7. Eligibility and Participation
Awards may be granted under the Plan to Eligible Individuals; provided, however, that Incentive Stock Options may be granted only to ISO Eligible Employees.
8. Options and Stock Appreciation Rights
(a) Options. An Option is a right to purchase a specified number of Shares at a specified price that continues for a stated period of time. Options granted under the Plan may be Incentive Stock Options or Nonqualified Options. The Award Agreement for an Option shall indicate whether the Option is intended to be an Incentive Stock Option or a Nonqualified Option.
(b) Stock Appreciation Rights. A Stock Appreciation Right is a right to receive upon exercise of the Stock Appreciation Right an amount in cash, Shares or both, in value equal to the product of (i) the excess of the Fair Market Value of one Share over the exercise price per Share subject to the applicable Stock Appreciation Right, multiplied by (ii) the number of Shares in respect of which the Stock Appreciation Right has been exercised. The applicable Award Agreement shall specify whether such payment is to be made in cash or Shares or both, or shall reserve to the Committee or the Participant the right to make that determination prior to or upon the exercise of the Stock Appreciation Right.

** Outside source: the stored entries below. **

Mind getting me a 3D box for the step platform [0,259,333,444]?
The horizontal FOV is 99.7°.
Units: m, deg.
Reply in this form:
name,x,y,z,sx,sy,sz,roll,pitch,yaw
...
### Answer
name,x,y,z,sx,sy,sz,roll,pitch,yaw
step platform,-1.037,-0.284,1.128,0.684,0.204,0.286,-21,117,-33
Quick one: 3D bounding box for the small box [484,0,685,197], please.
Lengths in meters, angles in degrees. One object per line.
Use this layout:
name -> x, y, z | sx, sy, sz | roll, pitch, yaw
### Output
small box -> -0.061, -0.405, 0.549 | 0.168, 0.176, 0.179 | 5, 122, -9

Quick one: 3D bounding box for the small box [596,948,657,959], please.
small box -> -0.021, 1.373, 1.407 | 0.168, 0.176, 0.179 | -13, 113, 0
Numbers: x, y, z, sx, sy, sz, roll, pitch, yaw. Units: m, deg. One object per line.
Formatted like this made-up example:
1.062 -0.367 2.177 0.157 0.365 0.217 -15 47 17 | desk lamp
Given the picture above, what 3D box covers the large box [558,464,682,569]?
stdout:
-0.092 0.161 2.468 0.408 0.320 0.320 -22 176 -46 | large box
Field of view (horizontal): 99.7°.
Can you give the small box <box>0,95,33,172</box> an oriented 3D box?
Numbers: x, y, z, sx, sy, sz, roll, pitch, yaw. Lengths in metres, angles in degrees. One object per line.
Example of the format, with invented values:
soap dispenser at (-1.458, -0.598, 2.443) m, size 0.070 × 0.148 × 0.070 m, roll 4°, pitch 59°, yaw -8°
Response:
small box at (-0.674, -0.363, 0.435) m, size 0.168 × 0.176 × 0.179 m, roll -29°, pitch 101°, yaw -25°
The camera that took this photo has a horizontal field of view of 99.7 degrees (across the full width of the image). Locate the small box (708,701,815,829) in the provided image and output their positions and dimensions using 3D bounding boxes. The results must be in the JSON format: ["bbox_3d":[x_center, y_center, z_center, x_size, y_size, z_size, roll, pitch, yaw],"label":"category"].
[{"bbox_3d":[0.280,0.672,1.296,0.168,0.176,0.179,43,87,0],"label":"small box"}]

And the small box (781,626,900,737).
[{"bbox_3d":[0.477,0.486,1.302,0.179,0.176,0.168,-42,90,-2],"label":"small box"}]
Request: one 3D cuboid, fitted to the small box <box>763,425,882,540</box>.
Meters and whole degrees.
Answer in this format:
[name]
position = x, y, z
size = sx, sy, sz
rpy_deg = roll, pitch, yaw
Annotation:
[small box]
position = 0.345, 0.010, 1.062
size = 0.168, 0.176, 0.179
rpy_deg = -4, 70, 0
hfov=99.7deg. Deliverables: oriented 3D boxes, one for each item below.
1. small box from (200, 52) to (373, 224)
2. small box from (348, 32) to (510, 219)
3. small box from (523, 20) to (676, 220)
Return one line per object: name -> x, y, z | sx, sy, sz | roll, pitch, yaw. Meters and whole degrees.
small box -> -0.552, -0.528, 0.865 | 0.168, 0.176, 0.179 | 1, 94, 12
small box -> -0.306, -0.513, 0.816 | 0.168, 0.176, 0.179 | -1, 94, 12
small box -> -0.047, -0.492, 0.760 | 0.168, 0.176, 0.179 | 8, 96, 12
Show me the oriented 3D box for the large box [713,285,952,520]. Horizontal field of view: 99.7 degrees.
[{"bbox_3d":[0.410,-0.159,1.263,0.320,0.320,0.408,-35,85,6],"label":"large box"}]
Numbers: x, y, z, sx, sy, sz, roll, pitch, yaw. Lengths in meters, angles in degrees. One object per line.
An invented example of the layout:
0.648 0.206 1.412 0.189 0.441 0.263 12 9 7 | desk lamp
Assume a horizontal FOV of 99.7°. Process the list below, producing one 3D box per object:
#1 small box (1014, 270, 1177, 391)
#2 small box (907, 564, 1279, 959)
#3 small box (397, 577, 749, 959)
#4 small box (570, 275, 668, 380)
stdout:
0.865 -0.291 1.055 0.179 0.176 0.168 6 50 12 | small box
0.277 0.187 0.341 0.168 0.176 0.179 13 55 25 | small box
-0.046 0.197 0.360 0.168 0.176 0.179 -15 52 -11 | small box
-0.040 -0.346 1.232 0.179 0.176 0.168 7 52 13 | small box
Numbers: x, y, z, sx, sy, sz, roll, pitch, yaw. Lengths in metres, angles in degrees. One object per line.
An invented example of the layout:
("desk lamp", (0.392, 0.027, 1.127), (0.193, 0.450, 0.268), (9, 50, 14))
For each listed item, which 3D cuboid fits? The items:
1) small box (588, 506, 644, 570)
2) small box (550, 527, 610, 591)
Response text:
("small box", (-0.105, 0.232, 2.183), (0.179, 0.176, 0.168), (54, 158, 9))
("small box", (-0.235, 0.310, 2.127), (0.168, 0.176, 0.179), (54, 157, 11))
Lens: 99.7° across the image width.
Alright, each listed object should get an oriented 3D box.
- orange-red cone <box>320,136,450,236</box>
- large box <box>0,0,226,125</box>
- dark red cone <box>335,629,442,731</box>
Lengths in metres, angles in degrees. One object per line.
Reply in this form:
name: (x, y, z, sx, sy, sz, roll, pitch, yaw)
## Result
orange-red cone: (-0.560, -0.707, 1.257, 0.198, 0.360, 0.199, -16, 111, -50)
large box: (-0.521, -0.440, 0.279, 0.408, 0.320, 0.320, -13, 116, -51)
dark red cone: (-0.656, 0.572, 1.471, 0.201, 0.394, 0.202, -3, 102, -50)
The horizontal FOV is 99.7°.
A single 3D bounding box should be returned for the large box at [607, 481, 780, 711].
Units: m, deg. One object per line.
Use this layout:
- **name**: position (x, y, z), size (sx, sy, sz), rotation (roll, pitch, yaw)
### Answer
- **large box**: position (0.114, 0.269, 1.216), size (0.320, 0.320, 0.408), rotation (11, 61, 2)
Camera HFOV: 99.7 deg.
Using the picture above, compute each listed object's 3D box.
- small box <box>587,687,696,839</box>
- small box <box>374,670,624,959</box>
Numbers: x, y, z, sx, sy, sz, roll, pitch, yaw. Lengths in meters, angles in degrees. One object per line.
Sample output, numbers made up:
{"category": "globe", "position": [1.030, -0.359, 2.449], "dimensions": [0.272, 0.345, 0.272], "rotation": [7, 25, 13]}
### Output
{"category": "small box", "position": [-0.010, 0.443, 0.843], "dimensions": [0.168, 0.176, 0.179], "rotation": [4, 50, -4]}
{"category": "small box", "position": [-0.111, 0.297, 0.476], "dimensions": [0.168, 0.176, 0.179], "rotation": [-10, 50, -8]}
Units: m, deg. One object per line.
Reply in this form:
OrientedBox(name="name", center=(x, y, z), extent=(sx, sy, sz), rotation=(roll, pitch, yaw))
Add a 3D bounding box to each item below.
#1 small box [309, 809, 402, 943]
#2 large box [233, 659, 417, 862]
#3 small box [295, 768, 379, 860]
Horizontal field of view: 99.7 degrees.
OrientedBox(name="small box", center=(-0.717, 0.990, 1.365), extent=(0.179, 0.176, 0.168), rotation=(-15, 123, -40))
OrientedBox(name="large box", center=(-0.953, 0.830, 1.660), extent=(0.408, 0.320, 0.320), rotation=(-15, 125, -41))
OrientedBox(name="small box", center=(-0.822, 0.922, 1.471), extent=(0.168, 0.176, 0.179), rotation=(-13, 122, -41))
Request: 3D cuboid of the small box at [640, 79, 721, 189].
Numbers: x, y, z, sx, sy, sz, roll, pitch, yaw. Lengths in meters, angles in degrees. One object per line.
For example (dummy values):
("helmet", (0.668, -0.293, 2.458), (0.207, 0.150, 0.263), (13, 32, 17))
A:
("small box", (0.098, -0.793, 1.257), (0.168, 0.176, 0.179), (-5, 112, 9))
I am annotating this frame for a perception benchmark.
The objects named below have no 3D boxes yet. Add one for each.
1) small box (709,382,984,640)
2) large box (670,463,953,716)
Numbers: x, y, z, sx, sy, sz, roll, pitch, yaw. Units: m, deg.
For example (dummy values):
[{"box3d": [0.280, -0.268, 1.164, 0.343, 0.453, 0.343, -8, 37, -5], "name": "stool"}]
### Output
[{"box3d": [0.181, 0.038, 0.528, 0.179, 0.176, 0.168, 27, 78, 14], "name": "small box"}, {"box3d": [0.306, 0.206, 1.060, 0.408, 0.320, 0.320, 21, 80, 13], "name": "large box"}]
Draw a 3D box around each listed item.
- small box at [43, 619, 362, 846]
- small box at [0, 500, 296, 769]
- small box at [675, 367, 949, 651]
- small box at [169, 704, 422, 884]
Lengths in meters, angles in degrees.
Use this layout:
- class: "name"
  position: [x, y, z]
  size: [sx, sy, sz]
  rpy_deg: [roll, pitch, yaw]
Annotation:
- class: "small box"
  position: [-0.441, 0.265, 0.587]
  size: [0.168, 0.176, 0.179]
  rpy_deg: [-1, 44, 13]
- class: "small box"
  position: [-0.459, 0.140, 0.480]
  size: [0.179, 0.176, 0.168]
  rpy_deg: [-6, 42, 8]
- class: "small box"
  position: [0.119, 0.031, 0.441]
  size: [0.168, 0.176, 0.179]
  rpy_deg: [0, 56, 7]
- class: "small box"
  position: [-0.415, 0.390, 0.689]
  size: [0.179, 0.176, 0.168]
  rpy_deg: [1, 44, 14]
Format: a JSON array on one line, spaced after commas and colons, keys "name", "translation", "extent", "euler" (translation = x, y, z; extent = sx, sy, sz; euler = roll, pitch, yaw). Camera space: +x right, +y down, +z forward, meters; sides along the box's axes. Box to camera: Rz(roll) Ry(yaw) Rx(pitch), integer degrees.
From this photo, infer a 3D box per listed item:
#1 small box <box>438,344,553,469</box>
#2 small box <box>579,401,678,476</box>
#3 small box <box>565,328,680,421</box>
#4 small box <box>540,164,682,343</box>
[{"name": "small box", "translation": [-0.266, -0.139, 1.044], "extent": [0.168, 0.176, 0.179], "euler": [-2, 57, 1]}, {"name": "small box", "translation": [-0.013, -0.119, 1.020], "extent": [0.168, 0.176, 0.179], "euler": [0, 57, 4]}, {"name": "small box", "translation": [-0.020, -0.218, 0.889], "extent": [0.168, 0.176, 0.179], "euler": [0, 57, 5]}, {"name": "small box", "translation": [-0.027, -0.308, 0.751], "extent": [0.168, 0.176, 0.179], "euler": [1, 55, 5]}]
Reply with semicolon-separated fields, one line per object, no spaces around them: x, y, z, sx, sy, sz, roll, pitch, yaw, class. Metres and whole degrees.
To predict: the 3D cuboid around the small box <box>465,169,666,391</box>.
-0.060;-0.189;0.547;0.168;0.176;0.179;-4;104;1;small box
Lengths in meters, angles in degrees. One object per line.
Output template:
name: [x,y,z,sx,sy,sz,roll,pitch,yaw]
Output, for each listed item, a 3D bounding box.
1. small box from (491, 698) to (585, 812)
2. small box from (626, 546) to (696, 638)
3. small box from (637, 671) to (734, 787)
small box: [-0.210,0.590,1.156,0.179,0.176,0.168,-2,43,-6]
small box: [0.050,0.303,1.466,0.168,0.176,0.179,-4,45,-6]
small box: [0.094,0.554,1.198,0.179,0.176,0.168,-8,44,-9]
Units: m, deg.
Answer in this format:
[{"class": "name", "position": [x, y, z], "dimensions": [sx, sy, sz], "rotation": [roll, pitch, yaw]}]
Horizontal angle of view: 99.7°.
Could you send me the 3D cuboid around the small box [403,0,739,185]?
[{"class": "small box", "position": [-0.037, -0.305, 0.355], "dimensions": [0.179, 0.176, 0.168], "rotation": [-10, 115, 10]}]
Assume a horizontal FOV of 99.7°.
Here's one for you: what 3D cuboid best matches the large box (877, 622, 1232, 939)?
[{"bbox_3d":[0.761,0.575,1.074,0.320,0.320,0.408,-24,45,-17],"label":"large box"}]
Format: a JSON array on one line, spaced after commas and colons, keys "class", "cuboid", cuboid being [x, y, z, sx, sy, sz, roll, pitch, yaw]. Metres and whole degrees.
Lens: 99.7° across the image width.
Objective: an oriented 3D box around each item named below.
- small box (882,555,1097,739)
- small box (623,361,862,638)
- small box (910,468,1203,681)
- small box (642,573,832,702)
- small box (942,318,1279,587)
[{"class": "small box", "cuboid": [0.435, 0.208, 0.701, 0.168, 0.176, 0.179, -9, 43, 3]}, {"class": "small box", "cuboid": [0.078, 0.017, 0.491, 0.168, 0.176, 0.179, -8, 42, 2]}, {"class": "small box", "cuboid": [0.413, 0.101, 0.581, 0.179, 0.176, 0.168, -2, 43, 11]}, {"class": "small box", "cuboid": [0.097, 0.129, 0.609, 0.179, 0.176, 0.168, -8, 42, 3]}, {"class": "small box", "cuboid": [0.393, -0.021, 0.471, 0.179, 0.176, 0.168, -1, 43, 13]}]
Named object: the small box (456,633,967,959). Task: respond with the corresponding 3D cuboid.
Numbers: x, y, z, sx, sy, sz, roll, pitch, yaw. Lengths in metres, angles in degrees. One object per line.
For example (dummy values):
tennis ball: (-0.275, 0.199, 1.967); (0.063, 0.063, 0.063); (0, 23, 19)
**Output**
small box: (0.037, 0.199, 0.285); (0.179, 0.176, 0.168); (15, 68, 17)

(c) Award Agreement. Each grant of an Option and Stock Appreciation Right shall be evidenced by an Award Agreement that shall specify Grant Date, the exercise price, the term, vesting schedule, and such other provisions as the Committee shall determine.
(d) Exercise Price; Not Less thanThan Fair Market Value. The exercise price per Share subject to an Option or Stock Appreciation Right shall be determined by the Committee and set forth in the applicable Award Agreement, and shall not be less than the Fair Market Value of a Share on the Grant Date, except as provided under Section 6(e) or with respect to Options or Stock Appreciation Rights that are granted in substitution of similar types of awards of a company acquired by the Company, Participating Company, or an Affiliate or with which the Company, Participating Company, or an Affiliate combines (whether in connection with a corporate transaction, such as a merger, combination, consolidation or acquisition of property or stock, or otherwise) to preserve the intrinsic value of such awards.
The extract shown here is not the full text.